Sampling Protocols
Introduction
Much of the work in IMP involves trying to find conformations which minimize a scoring function. The scoring function is composed of scoring terms and the space of possible conformations is called the conformation or sampling space.
Most of the scoring functions used are on points or spheres in 3D and have terms which limit the packing density (excluded volume, VDW, sterics etc).
Protocols details
Most sampling protocols involve a combination of
- manipulating the representation to reduce the number of dimension of the conformation space
- manipulation of the scoring function so as to smooth it or bring minima closer to the current conformation
- running an optimizer to improve the current conformation
- perturbing the conformation in the sampling space by adding noise
Sampling pitfalls
- instability due to excessively high values of various terms of the scoring function
- rough scoring functions have many local minima in which protocols can get stuck
Representation manipulations
- use rigid bodies
- reduces the dimensionality
- use a coarser grained representation of the entities, eg, represent a protein with 10 spheres rather than 1000 atoms
- reduces the dimensionality
- smooths the scoring function
Scoring function manipulations
- removing "detail" terms from the scoring function. Example include, removing excluded volume interactions or force fields.

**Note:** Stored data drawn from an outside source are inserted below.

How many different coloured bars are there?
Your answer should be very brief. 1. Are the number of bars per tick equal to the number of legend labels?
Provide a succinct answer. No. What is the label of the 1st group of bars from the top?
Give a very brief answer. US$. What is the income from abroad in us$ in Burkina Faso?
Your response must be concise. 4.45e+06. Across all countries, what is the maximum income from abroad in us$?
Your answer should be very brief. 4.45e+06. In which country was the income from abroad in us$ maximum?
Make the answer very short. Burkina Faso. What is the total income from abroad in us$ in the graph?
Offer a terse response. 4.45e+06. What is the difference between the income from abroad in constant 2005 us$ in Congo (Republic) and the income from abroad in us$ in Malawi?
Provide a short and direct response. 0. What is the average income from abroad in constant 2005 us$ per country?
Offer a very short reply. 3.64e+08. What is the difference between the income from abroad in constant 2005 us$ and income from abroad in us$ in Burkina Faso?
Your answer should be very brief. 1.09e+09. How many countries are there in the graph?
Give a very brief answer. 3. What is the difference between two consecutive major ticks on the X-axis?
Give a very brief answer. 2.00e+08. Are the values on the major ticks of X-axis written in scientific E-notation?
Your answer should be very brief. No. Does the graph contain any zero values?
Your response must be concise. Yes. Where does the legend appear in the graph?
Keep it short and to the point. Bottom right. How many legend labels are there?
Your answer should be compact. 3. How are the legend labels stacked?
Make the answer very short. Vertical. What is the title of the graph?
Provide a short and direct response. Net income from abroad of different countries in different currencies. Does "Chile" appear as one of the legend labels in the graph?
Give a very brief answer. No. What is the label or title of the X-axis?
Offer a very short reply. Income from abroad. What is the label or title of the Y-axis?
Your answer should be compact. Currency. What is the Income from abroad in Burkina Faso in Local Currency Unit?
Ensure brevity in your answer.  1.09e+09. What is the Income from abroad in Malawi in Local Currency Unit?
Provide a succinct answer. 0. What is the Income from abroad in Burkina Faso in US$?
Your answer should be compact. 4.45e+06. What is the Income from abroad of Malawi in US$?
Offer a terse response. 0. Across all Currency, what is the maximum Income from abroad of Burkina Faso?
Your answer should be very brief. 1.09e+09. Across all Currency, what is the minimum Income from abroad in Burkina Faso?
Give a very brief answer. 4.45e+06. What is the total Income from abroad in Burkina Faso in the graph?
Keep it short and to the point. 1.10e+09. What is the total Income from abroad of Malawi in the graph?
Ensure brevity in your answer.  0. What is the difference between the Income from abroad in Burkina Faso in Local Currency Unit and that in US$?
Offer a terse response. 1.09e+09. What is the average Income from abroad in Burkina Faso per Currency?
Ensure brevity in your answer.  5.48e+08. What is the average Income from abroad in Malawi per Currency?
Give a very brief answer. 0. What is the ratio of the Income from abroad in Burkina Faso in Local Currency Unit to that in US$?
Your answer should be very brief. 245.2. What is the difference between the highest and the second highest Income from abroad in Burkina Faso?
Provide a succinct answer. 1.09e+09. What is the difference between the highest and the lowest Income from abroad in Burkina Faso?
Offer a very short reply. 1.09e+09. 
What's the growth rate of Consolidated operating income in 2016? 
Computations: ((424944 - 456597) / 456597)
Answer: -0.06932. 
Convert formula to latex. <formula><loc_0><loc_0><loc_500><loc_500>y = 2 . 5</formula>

- this smooths the scoring function
- it can also bring minima closer to the current conformation (by increasing the set of conformations which score at the minima)
- remove long range terms to allow the optimizer to find a conformation in which the short range ones are satisfied before (re)adding the long range ones
- trying to satisfy both short range and long range terms simulatenously can be too much
- satisfying the long range ones first can lead to a system which is too packed for the conformation to sort out the short range terms
- perhaps best to do "after" finding conformations which satisfy the long range ones (just a guess)
capping terms, such as replacing Harmonic with TruncatedHarmonic terms.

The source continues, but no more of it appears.